Get line number in yecc

65 views Asked by At

I'm using yecc to parse my tokenized asm-like code. After providing code like "MOV [1], [2]\nJMP hello" and after lexer'ing, this is what I'm getting in response.

[{:opcode, 1, :MOV}, {:register, 1, 1}, {:",", 1}, {:register, 1, 2},
  {:opcode, 2, :JMP}, {:identifer, 2, :hello}]

When I parse this I'm getting

[%{operation: [:MOV, [:REGISTER, 1], [:REGISTER, 2]]},
  %{operation: [:JMP, [:CONST, :hello]]}]

But I want every operation to have line number in order to get meaningful errors further in code.

So I changed my parser to this:

Nonterminals
code statement operation value.

Terminals
label identifer integer ',' opcode register address address_in_register line_number.

Rootsymbol code.

code -> line_number statement      : [{get_line('$1'), '$2'}].
code -> line_number statement code : [{get_line('$1'), '$2'} | '$3'].
%code -> statement      : ['$1'].
%code -> statement code : ['$1' | '$2'].

statement -> label     : #{'label' => label('$1')}.
statement -> operation : #{'operation' => '$1'}.

operation -> opcode value ',' value : [operation('$1'), '$2', '$4'].
operation -> opcode value           : [operation('$1'), '$2'].
operation -> opcode identifer       : [operation('$1'), value('$2')].
operation -> opcode                 : [operation('$1')].

value -> integer  : value('$1').
value -> register : value('$1').
value -> address  : value('$1').
value -> address_in_register : value('$1').

Erlang code.
get_line({_, Line, _})                 -> Line.

operation({opcode, _, OpcodeName})     -> OpcodeName.

label({label, _, Value})               -> Value.
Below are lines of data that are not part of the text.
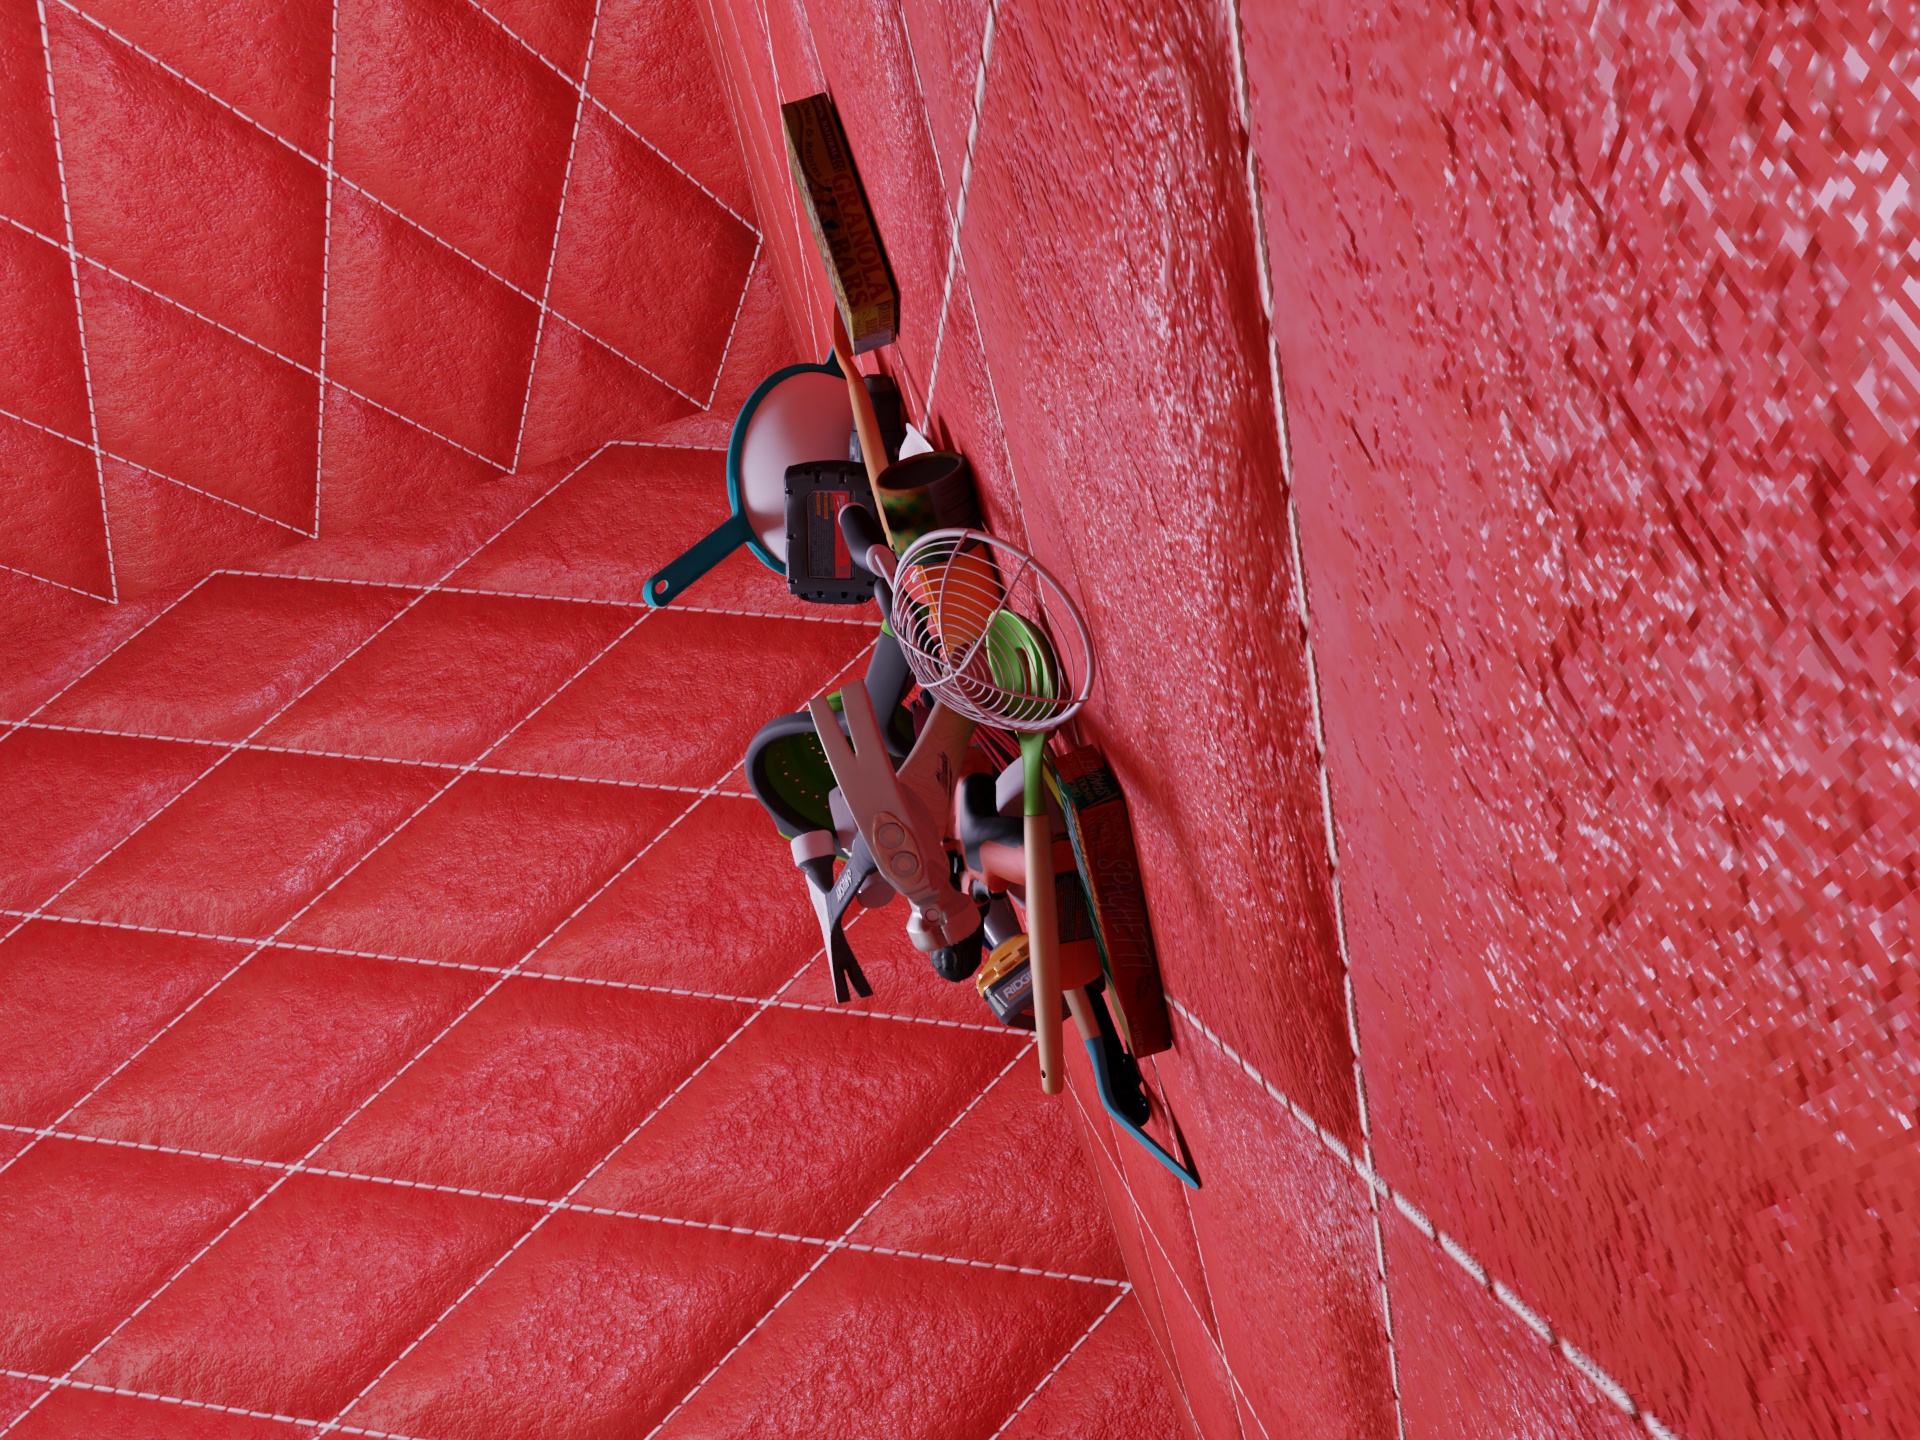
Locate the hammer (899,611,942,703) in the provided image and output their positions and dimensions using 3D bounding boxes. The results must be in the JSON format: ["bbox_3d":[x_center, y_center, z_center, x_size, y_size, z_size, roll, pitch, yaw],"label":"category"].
[{"bbox_3d":[-0.027,-0.082,1.517,0.036,0.149,0.359,33,165,-2],"label":"hammer"}]

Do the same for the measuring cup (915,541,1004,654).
[{"bbox_3d":[0.000,-0.098,1.225,0.173,0.052,0.095,81,170,-86],"label":"measuring cup"}]

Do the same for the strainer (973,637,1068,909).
[{"bbox_3d":[0.038,0.049,1.242,0.151,0.069,0.257,78,171,-66],"label":"strainer"}]

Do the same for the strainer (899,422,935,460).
[{"bbox_3d":[-0.031,-0.201,1.261,0.086,0.050,0.259,57,-175,-17],"label":"strainer"}]

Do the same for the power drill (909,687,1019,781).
[{"bbox_3d":[0.011,0.017,1.520,0.219,0.078,0.143,146,106,-84],"label":"power drill"}]

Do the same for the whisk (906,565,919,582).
[{"bbox_3d":[-0.025,-0.145,1.465,0.246,0.059,0.058,-51,-14,-89],"label":"whisk"}]

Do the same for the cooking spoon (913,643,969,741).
[{"bbox_3d":[-0.007,-0.021,1.180,0.319,0.017,0.068,-81,-30,-66],"label":"cooking spoon"}]

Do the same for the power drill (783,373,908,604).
[{"bbox_3d":[-0.088,-0.202,1.391,0.227,0.080,0.187,-61,-28,-72],"label":"power drill"}]

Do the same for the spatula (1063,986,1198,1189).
[{"bbox_3d":[0.106,0.224,1.260,0.082,0.044,0.318,76,173,-73],"label":"spatula"}]

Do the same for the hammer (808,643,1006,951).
[{"bbox_3d":[-0.012,0.001,1.003,0.411,0.038,0.146,-65,-49,-74],"label":"hammer"}]

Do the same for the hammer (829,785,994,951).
[{"bbox_3d":[0.007,0.182,1.499,0.405,0.035,0.144,41,-161,-46],"label":"hammer"}]

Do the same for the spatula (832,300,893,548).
[{"bbox_3d":[-0.071,-0.259,1.298,0.080,0.041,0.323,74,-179,-53],"label":"spatula"}]

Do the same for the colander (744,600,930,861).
[{"bbox_3d":[-0.078,-0.010,1.479,0.396,0.204,0.095,113,176,-52],"label":"colander"}]

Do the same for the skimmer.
[{"bbox_3d":[-0.012,-0.093,0.977,0.127,0.090,0.364,64,178,-24],"label":"skimmer"}]

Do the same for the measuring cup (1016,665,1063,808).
[{"bbox_3d":[0.062,0.017,1.058,0.157,0.029,0.062,-117,8,-51],"label":"measuring cup"}]

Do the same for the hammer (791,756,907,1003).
[{"bbox_3d":[-0.073,0.109,1.170,0.408,0.036,0.149,122,133,-69],"label":"hammer"}]

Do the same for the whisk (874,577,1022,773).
[{"bbox_3d":[-0.002,-0.004,1.309,0.295,0.073,0.073,60,-176,-36],"label":"whisk"}]

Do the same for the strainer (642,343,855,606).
[{"bbox_3d":[-0.155,-0.202,1.502,0.095,0.340,0.210,9,131,40],"label":"strainer"}]

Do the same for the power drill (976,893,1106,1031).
[{"bbox_3d":[0.036,0.162,1.409,0.226,0.084,0.185,57,-168,26],"label":"power drill"}]

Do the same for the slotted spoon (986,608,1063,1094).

value({identifer, _, Value})           -> ['CONST', Value];
value({integer, _, Value})             -> ['CONST', Value];
value({register, _, Value})            -> ['REGISTER', Value];
value({address, _, Value})             -> ['ADDRESS', Value];
value({address_in_register, _, Value}) -> ['ADDRESS_IN_REGISTER', Value].

(commented code is old, working rule)

Now I'm getting {:error, {1, :assembler_parser, ['syntax error before: ', ['\'MOV\'']]}}

After providing same input. How to fix this?

1

There are 1 answers

1
José Valim On BEST ANSWER

My suggestion is to keep the line numbers in the tokens and not as separate tokens and then change how you build the operations.

So I would suggest this:

operation -> opcode value ',' value : [operation('$1'), line('$1'), '$2', '$4'].
operation -> opcode value           : [operation('$1'), line('$1'), '$2'].
operation -> opcode identifer       : [operation('$1'), line('$1'), value('$2')].
operation -> opcode                 : [operation('$1'), line('$1')].

line({_, Line, _}) -> Line.

Or even this if you want to mirror Elixir AST:

operation -> opcode value ',' value : {operation('$1'), meta('$1'), ['$2', '$4']}.
operation -> opcode value           : {operation('$1'), meta('$1'), ['$2']}.
operation -> opcode identifer       : {operation('$1'), meta('$1'), [value('$2')]}.
operation -> opcode                 : {operation('$1'), meta('$1'), []}.

meta({_, Line, _}) -> [{line, Line}].